Data items:
▬▬▬▬▬▬▬▬▬▬
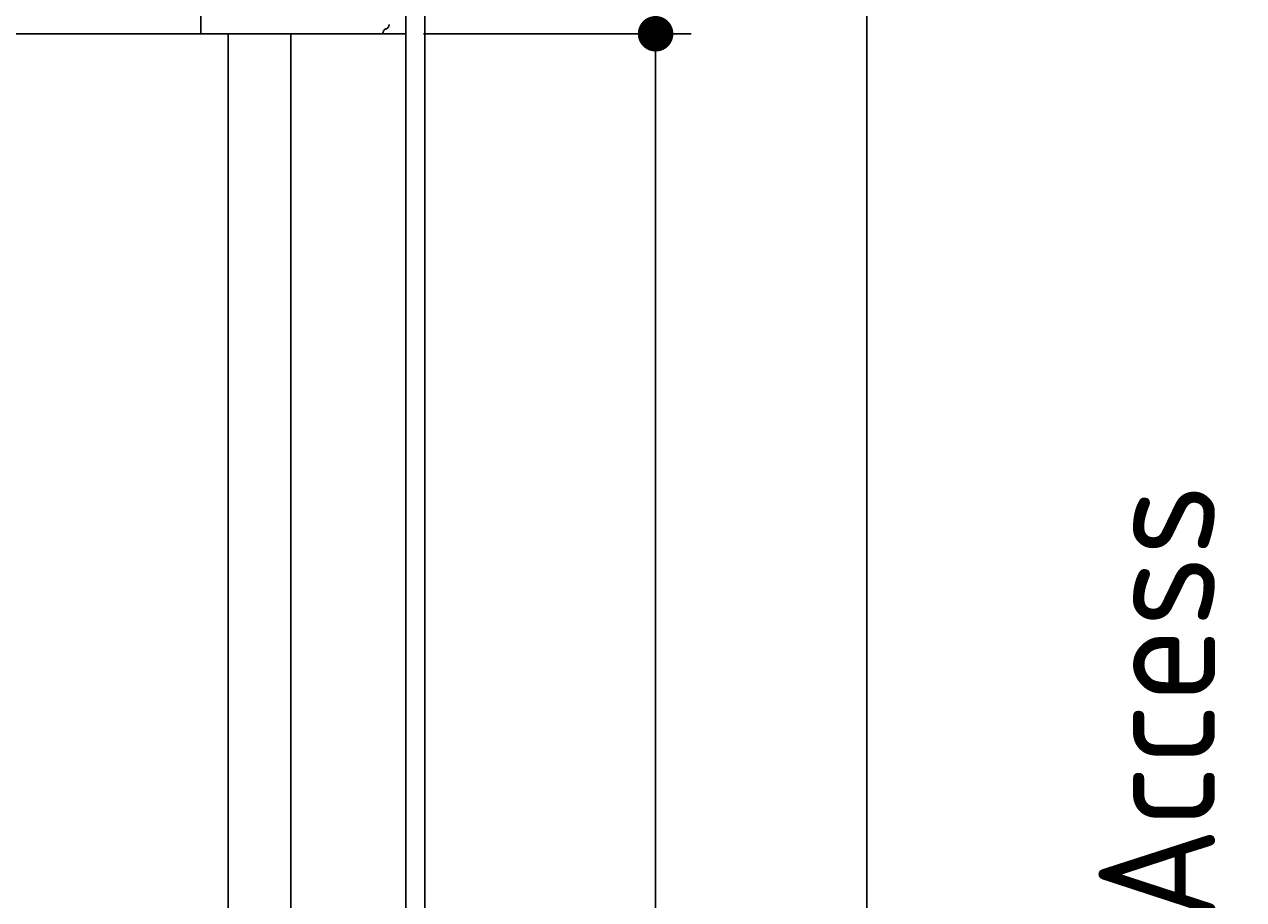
# Model space of a CAD drawing. Extents: x 715 to 7297, y 267 to 3409.
# Tile 63 of 67: x 5823 to 7194, y 1863 to 2848. Entities that reach past the tile are written whole.
import ezdxf

# ---------------------------------------------------------------- set-up
doc = ezdxf.new("R2010")
doc.units = 0
doc.layers.get('0').update_dxf_attribs({"linetype": 'CONTINUOUS'})
doc.layers.get('DEFPOINTS').update_dxf_attribs({"linetype": 'CONTINUOUS'})
doc.layers.add('4', color=3, linetype='CONTINUOUS')
doc.layers.add('5', color=3, linetype='CONTINUOUS')
doc.styles.get("Standard").update_dxf_attribs({"font": 'ISOCP.SHX'})
doc.dimstyles.get("Standard").update_dxf_attribs({"dimtxt": 2.5, "dimasz": 2.5, "dimexe": 1.25, "dimexo": 0.625, "dimtad": 1, "dimcen": 2.5, "dimazin": 3, "dimtfac": 1, "dimtmove": 0, "dimatfit": 3})

# ---------------------------------------------------------------- blocks, each defined once
blk = doc.blocks.new('PUNKT')
at = {"layer": '4', "color": 0, "linetype": 'BYBLOCK'}
blk.add_line((-0.5, 0), (-1, 0), dxfattribs=at)
at = {"layer": '4', "color": 0, "linetype": 'BYBLOCK', "const_width": 0.5}
blk.add_lwpolyline([(-0.25, 0, 1), (0.25, 0, 1)], format="xyb", close=True, dxfattribs=at)
blk = doc.blocks.new('*U14')
at = {"layer": '5', "color": 2}
blk.add_text('240', height=70, rotation=90, dxfattribs=at).set_placement((6502.5, 1561.1))
blk = doc.blocks.new('*D8')
at = {"layer": '5'}
for p, q in [((6271.5, 2837.3), (6572.5, 2837.3)), ((6532.5, 2797.3), (6532.5, 477.3)), ((6271.5, 437.3), (6572.5, 437.3))]:
    blk.add_line(p, q, dxfattribs=at)
at = {"layer": 'DEFPOINTS', "color": 0}
for p in [(6251.5, 2837.3), (6251.5, 437.3), (6532.5, 437.3)]:
    blk.add_point(p, dxfattribs=at)
blk.add_blockref('*U14', (0, 0))
at = {"layer": '5', "xscale": 40, "yscale": 40, "zscale": 40}
for p, rotation in [((6532.5, 2837.3), 90), ((6532.5, 437.3), 270)]:
    blk.add_blockref('PUNKT', p, dxfattribs=dict(at, rotation=rotation))
blk = doc.blocks.new('*U15')
at = {"layer": '5', "color": 2}
blk.add_text('260', height=70, rotation=90, dxfattribs=at).set_placement((6740, 1564.6))
blk = doc.blocks.new('*D9')
at = {"layer": '5'}
for p, q in [((6292.8, 2937.3), (6810, 2937.3)), ((6770, 377.3), (6770, 2897.3)), ((6292.8, 337.3), (6810, 337.3))]:
    blk.add_line(p, q, dxfattribs=at)
at = {"layer": 'DEFPOINTS', "color": 0}
for p in [(6272.8, 2937.3), (6770, 2937.3), (6272.8, 337.3)]:
    blk.add_point(p, dxfattribs=at)
blk.add_blockref('*U15', (0, 0))
at = {"layer": '5', "xscale": 40, "yscale": 40, "zscale": 40}
for p, rotation in [((6770, 2937.3), 90), ((6770, 337.3), 270)]:
    blk.add_blockref('PUNKT', p, dxfattribs=dict(at, rotation=rotation))

msp = doc.modelspace()

# ---------------------------------------------------------------- linework, layer by layer
for p, q in [((6272.775, 337.271), (6272.775, 2937.271)), ((6251.55, 2910.771), (6251.55, 363.771)), ((6020.844, 2892.271), (6020.844, 2837.271)), ((1533.302, 2837.271), (6020.477, 2837.271)), ((6020.844, 2837.271), (6020.477, 2837.271)), ((6020.844, 2837.271), (6225.432, 2837.271)), ((6051.689, 437.271), (6051.689, 2837.271)), ((6122.088, 437.271), (6122.088, 2837.271)), ((6251.505, 2837.271), (6225.432, 2837.271)), ((6239.962, 2837.271), (6240.857, 2837.271)), ((6240.648, 2837.271), (6239.988, 2837.271))]:
    msp.add_line(p, q)
for points in [[(6226.04, 2839.27, 0), (6226.04, 2839.26, 0), (6226.03, 2839.25, 0), (6226.03, 2839.24, 0), (6226.03, 2839.23, 0), (6226.03, 2839.22, 0), (6226.03, 2839.21, 0), (6226.03, 2839.19, 0), (6226.02, 2839.18, 0), (6226.02, 2839.17, 0), (6226.02, 2839.16, 0), (6226.02, 2839.15, 0), (6226.02, 2839.14, 0), (6226.01, 2839.13, 0), (6226.01, 2839.12, 0), (6226.01, 2839.11, 0), (6226.01, 2839.1, 0), (6226, 2839.09, 0), (6226, 2839.08, 0), (6226, 2839.06, 0), (6226, 2839.05, 0), (6226, 2839.04, 0), (6225.99, 2839.03, 0), (6225.99, 2839.02, 0), (6225.99, 2839.01, 0), (6225.99, 2839, 0), (6225.99, 2838.99, 0), (6225.98, 2838.98, 0), (6225.98, 2838.97, 0), (6225.98, 2838.96, 0), (6225.98, 2838.95, 0), (6225.97, 2838.93, 0), (6225.97, 2838.92, 0), (6225.97, 2838.91, 0), (6225.97, 2838.9, 0), (6225.96, 2838.89, 0), (6225.96, 2838.88, 0), (6225.96, 2838.87, 0), (6225.96, 2838.86, 0), (6225.96, 2838.85, 0), (6225.95, 2838.84, 0), (6225.95, 2838.83, 0), (6225.95, 2838.82, 0), (6225.95, 2838.8, 0), (6225.94, 2838.79, 0), (6225.94, 2838.78, 0), (6225.94, 2838.77, 0), (6225.94, 2838.76, 0), (6225.93, 2838.75, 0), (6225.93, 2838.74, 0), (6225.93, 2838.73, 0), (6225.93, 2838.72, 0), (6225.92, 2838.71, 0), (6225.92, 2838.7, 0), (6225.92, 2838.69, 0), (6225.91, 2838.67, 0), (6225.91, 2838.66, 0), (6225.91, 2838.65, 0), (6225.91, 2838.64, 0), (6225.9, 2838.63, 0), (6225.9, 2838.62, 0), (6225.9, 2838.61, 0), (6225.9, 2838.6, 0), (6225.89, 2838.59, 0), (6225.89, 2838.58, 0), (6225.89, 2838.57, 0), (6225.89, 2838.56, 0), (6225.88, 2838.55, 0), (6225.88, 2838.53, 0), (6225.88, 2838.52, 0), (6225.87, 2838.51, 0), (6225.87, 2838.5, 0), (6225.87, 2838.49, 0), (6225.87, 2838.48, 0), (6225.86, 2838.47, 0), (6225.86, 2838.46, 0), (6225.86, 2838.45, 0), (6225.85, 2838.44, 0), (6225.85, 2838.43, 0), (6225.85, 2838.42, 0), (6225.84, 2838.41, 0), (6225.84, 2838.39, 0), (6225.84, 2838.38, 0), (6225.84, 2838.37, 0), (6225.83, 2838.36, 0), (6225.83, 2838.35, 0), (6225.83, 2838.34, 0), (6225.82, 2838.33, 0), (6225.82, 2838.32, 0), (6225.82, 2838.31, 0), (6225.81, 2838.3, 0), (6225.81, 2838.29, 0), (6225.81, 2838.28, 0), (6225.8, 2838.27, 0), (6225.8, 2838.26, 0), (6225.8, 2838.25, 0), (6225.8, 2838.23, 0), (6225.79, 2838.22, 0), (6225.79, 2838.21, 0), (6225.79, 2838.2, 0), (6225.78, 2838.19, 0), (6225.78, 2838.18, 0), (6225.78, 2838.17, 0), (6225.77, 2838.16, 0), (6225.77, 2838.15, 0), (6225.77, 2838.14, 0), (6225.76, 2838.13, 0), (6225.76, 2838.12, 0), (6225.76, 2838.11, 0), (6225.75, 2838.1, 0), (6225.75, 2838.09, 0), (6225.75, 2838.08, 0), (6225.74, 2838.07, 0), (6225.74, 2838.06, 0), (6225.74, 2838.05, 0), (6225.73, 2838.03, 0), (6225.73, 2838.02, 0), (6225.73, 2838.01, 0), (6225.72, 2838, 0), (6225.72, 2837.99, 0), (6225.71, 2837.98, 0), (6225.71, 2837.97, 0), (6225.71, 2837.96, 0), (6225.7, 2837.95, 0), (6225.7, 2837.94, 0), (6225.7, 2837.93, 0), (6225.69, 2837.92, 0), (6225.69, 2837.91, 0), (6225.69, 2837.9, 0), (6225.68, 2837.89, 0), (6225.68, 2837.88, 0), (6225.68, 2837.87, 0), (6225.67, 2837.86, 0), (6225.67, 2837.85, 0), (6225.66, 2837.84, 0), (6225.66, 2837.83, 0), (6225.66, 2837.82, 0), (6225.65, 2837.81, 0), (6225.65, 2837.8, 0), (6225.65, 2837.79, 0), (6225.64, 2837.78, 0), (6225.64, 2837.77, 0), (6225.63, 2837.76, 0), (6225.63, 2837.75, 0), (6225.63, 2837.74, 0), (6225.62, 2837.73, 0), (6225.62, 2837.72, 0), (6225.62, 2837.71, 0), (6225.61, 2837.7, 0), (6225.61, 2837.69, 0), (6225.6, 2837.68, 0), (6225.6, 2837.67, 0), (6225.6, 2837.65, 0), (6225.59, 2837.64, 0), (6225.59, 2837.63, 0), (6225.58, 2837.62, 0), (6225.58, 2837.61, 0), (6225.58, 2837.6, 0), (6225.57, 2837.59, 0), (6225.57, 2837.58, 0), (6225.56, 2837.57, 0), (6225.56, 2837.56, 0), (6225.56, 2837.55, 0), (6225.55, 2837.54, 0), (6225.55, 2837.53, 0), (6225.54, 2837.52, 0), (6225.54, 2837.52, 0), (6225.53, 2837.51, 0), (6225.53, 2837.5, 0), (6225.53, 2837.49, 0), (6225.52, 2837.48, 0), (6225.52, 2837.47, 0), (6225.51, 2837.46, 0), (6225.51, 2837.45, 0), (6225.51, 2837.44, 0), (6225.5, 2837.43, 0), (6225.5, 2837.42, 0), (6225.49, 2837.41, 0), (6225.49, 2837.4, 0), (6225.48, 2837.39, 0), (6225.48, 2837.38, 0), (6225.48, 2837.37, 0), (6225.47, 2837.36, 0), (6225.47, 2837.35, 0), (6225.46, 2837.34, 0), (6225.46, 2837.33, 0), (6225.45, 2837.32, 0), (6225.45, 2837.31, 0), (6225.45, 2837.3, 0), (6225.44, 2837.29, 0), (6225.44, 2837.28, 0), (6225.43, 2837.27, 0)], [(6226.04, 2839.27, 0), (6226.05, 2839.32, 0), (6226.06, 2839.36, 0), (6226.08, 2839.41, 0), (6226.09, 2839.45, 0), (6226.1, 2839.5, 0), (6226.12, 2839.54, 0), (6226.13, 2839.59, 0), (6226.15, 2839.63, 0), (6226.16, 2839.68, 0), (6226.18, 2839.72, 0), (6226.19, 2839.77, 0), (6226.21, 2839.81, 0), (6226.23, 2839.86, 0), (6226.24, 2839.9, 0), (6226.26, 2839.94, 0), (6226.28, 2839.99, 0), (6226.29, 2840.03, 0), (6226.31, 2840.07, 0), (6226.33, 2840.12, 0), (6226.35, 2840.16, 0), (6226.36, 2840.2, 0), (6226.38, 2840.24, 0), (6226.4, 2840.28, 0), (6226.42, 2840.33, 0), (6226.44, 2840.37, 0), (6226.46, 2840.41, 0), (6226.48, 2840.45, 0), (6226.5, 2840.49, 0), (6226.52, 2840.53, 0), (6226.54, 2840.57, 0), (6226.56, 2840.61, 0), (6226.58, 2840.65, 0), (6226.6, 2840.69, 0), (6226.62, 2840.73, 0), (6226.65, 2840.77, 0), (6226.67, 2840.81, 0), (6226.69, 2840.84, 0), (6226.71, 2840.88, 0), (6226.74, 2840.92, 0), (6226.76, 2840.96, 0), (6226.78, 2841, 0), (6226.81, 2841.03, 0), (6226.83, 2841.07, 0), (6226.85, 2841.11, 0), (6226.88, 2841.14, 0), (6226.9, 2841.18, 0), (6226.93, 2841.21, 0), (6226.95, 2841.25, 0), (6226.98, 2841.28, 0), (6227, 2841.32, 0), (6227.03, 2841.35, 0), (6227.05, 2841.39, 0), (6227.08, 2841.42, 0), (6227.1, 2841.45, 0), (6227.13, 2841.49, 0), (6227.16, 2841.52, 0), (6227.18, 2841.55, 0), (6227.21, 2841.58, 0), (6227.24, 2841.61, 0), (6227.27, 2841.65, 0), (6227.29, 2841.68, 0), (6227.32, 2841.71, 0), (6227.35, 2841.74, 0), (6227.38, 2841.77, 0), (6227.41, 2841.8, 0), (6227.43, 2841.83, 0), (6227.46, 2841.86, 0), (6227.49, 2841.89, 0), (6227.52, 2841.91, 0), (6227.55, 2841.94, 0), (6227.58, 2841.97, 0), (6227.61, 2842, 0), (6227.64, 2842.02, 0), (6227.67, 2842.05, 0), (6227.7, 2842.08, 0), (6227.73, 2842.1, 0), (6227.76, 2842.13, 0), (6227.79, 2842.15, 0), (6227.82, 2842.18, 0), (6227.85, 2842.2, 0), (6227.88, 2842.23, 0), (6227.91, 2842.25, 0), (6227.94, 2842.27, 0), (6227.98, 2842.3, 0), (6228.01, 2842.32, 0), (6228.04, 2842.34, 0), (6228.07, 2842.36, 0), (6228.1, 2842.38, 0), (6228.13, 2842.4, 0), (6228.17, 2842.42, 0), (6228.2, 2842.44, 0), (6228.23, 2842.46, 0), (6228.26, 2842.48, 0), (6228.3, 2842.5, 0), (6228.33, 2842.52, 0), (6228.36, 2842.54, 0), (6228.4, 2842.56, 0), (6228.43, 2842.57, 0), (6228.46, 2842.59, 0), (6228.5, 2842.61, 0), (6228.53, 2842.62, 0), (6228.56, 2842.64, 0), (6228.6, 2842.66, 0), (6228.63, 2842.67, 0), (6228.66, 2842.68, 0), (6228.7, 2842.7, 0), (6228.73, 2842.71, 0), (6228.77, 2842.73, 0), (6228.8, 2842.74, 0), (6228.83, 2842.75, 0), (6228.87, 2842.76, 0), (6228.9, 2842.77, 0), (6228.94, 2842.79, 0), (6228.97, 2842.8, 0), (6229.01, 2842.81, 0), (6229.04, 2842.82, 0), (6229.08, 2842.83, 0), (6229.11, 2842.84, 0), (6229.15, 2842.84, 0), (6229.18, 2842.85, 0), (6229.22, 2842.86, 0), (6229.25, 2842.87, 0), (6229.29, 2842.87, 0), (6229.32, 2842.88, 0), (6229.36, 2842.89, 0), (6229.39, 2842.89, 0), (6229.43, 2842.9, 0), (6229.46, 2842.9, 0)], [(6232.72, 2847.88, 0), (6232.72, 2847.82, 0), (6232.72, 2847.77, 0), (6232.72, 2847.71, 0), (6232.72, 2847.65, 0), (6232.72, 2847.59, 0), (6232.71, 2847.54, 0), (6232.71, 2847.48, 0), (6232.71, 2847.42, 0), (6232.7, 2847.36, 0), (6232.7, 2847.31, 0), (6232.69, 2847.25, 0), (6232.69, 2847.19, 0), (6232.68, 2847.13, 0), (6232.68, 2847.08, 0), (6232.67, 2847.02, 0), (6232.66, 2846.96, 0), (6232.65, 2846.91, 0), (6232.65, 2846.85, 0), (6232.64, 2846.79, 0), (6232.63, 2846.74, 0), (6232.62, 2846.68, 0), (6232.61, 2846.63, 0), (6232.6, 2846.57, 0), (6232.59, 2846.51, 0), (6232.57, 2846.46, 0), (6232.56, 2846.4, 0), (6232.55, 2846.35, 0), (6232.54, 2846.29, 0), (6232.52, 2846.24, 0), (6232.51, 2846.18, 0), (6232.49, 2846.13, 0), (6232.48, 2846.08, 0), (6232.46, 2846.02, 0), (6232.45, 2845.97, 0), (6232.43, 2845.92, 0), (6232.42, 2845.86, 0), (6232.4, 2845.81, 0), (6232.38, 2845.76, 0), (6232.36, 2845.71, 0), (6232.35, 2845.65, 0), (6232.33, 2845.6, 0), (6232.31, 2845.55, 0), (6232.29, 2845.5, 0), (6232.27, 2845.45, 0), (6232.25, 2845.4, 0), (6232.23, 2845.35, 0), (6232.21, 2845.3, 0), (6232.18, 2845.25, 0), (6232.16, 2845.2, 0), (6232.14, 2845.15, 0), (6232.12, 2845.11, 0), (6232.09, 2845.06, 0), (6232.07, 2845.01, 0), (6232.05, 2844.96, 0), (6232.02, 2844.92, 0), (6232, 2844.87, 0), (6231.97, 2844.82, 0), (6231.95, 2844.78, 0), (6231.92, 2844.73, 0), (6231.89, 2844.69, 0), (6231.87, 2844.65, 0), (6231.84, 2844.6, 0), (6231.81, 2844.56, 0), (6231.79, 2844.52, 0), (6231.76, 2844.47, 0), (6231.73, 2844.43, 0), (6231.7, 2844.39, 0), (6231.67, 2844.35, 0), (6231.64, 2844.31, 0), (6231.61, 2844.27, 0), (6231.58, 2844.23, 0), (6231.55, 2844.19, 0), (6231.52, 2844.15, 0), (6231.49, 2844.11, 0), (6231.46, 2844.07, 0), (6231.43, 2844.04, 0), (6231.39, 2844, 0), (6231.36, 2843.96, 0), (6231.33, 2843.93, 0), (6231.3, 2843.89, 0), (6231.26, 2843.86, 0), (6231.23, 2843.83, 0), (6231.2, 2843.79, 0), (6231.16, 2843.76, 0), (6231.13, 2843.73, 0), (6231.09, 2843.69, 0), (6231.06, 2843.66, 0), (6231.02, 2843.63, 0), (6230.99, 2843.6, 0), (6230.95, 2843.57, 0), (6230.92, 2843.54, 0), (6230.88, 2843.52, 0), (6230.84, 2843.49, 0), (6230.81, 2843.46, 0), (6230.77, 2843.43, 0), (6230.73, 2843.41, 0), (6230.7, 2843.38, 0), (6230.66, 2843.36, 0), (6230.62, 2843.33, 0), (6230.58, 2843.31, 0), (6230.54, 2843.29, 0), (6230.51, 2843.26, 0), (6230.47, 2843.24, 0), (6230.43, 2843.22, 0), (6230.39, 2843.2, 0), (6230.35, 2843.18, 0), (6230.31, 2843.16, 0), (6230.27, 2843.14, 0), (6230.23, 2843.12, 0), (6230.19, 2843.11, 0), (6230.15, 2843.09, 0), (6230.11, 2843.07, 0), (6230.07, 2843.06, 0), (6230.03, 2843.04, 0), (6229.99, 2843.03, 0), (6229.95, 2843.02, 0), (6229.91, 2843, 0), (6229.87, 2842.99, 0), (6229.83, 2842.98, 0), (6229.79, 2842.97, 0), (6229.75, 2842.96, 0), (6229.71, 2842.95, 0), (6229.67, 2842.94, 0), (6229.63, 2842.93, 0), (6229.59, 2842.92, 0), (6229.55, 2842.92, 0), (6229.5, 2842.91, 0), (6229.46, 2842.9, 0)]]:
    msp.add_polyline3d(points)

# ---------------------------------------------------------------- texts
msp.add_text('Einfahrt / Access', height=131.25, rotation=90).set_placement((7161.814, 1019.714))

# ---------------------------------------------------------------- dimensions: what is measured, and where the dimension line sits
at = {"layer": '5'}
for base, p1, p2, picture, middle in [((6769.988, 2937.271), (6272.775, 337.271), (6272.775, 2937.271), '*D9', (6704.981, 1637.271)), ((6532.548, 437.271), (6251.505, 2837.271), (6251.55, 437.271), '*D8', (6467.541, 1637.271))]:
    dim = msp.add_linear_dim(base=base, p1=p1, p2=p2, angle=90, dimstyle='Standard', dxfattribs=at)
    dim.commit()
    dim.dimension.update_dxf_attribs({"geometry": picture, "text_midpoint": middle})

doc.saveas('drawing.dxf')
▬▬▬▬▬▬▬▬▬▬
Exercise directions: Reproduce all lines from the records above that include the word "dimension".

Task answer:
# ---------------------------------------------------------------- dimensions: what is measured, and where the dimension line sits
    dim.dimension.update_dxf_attribs({"geometry": picture, "text_midpoint": middle})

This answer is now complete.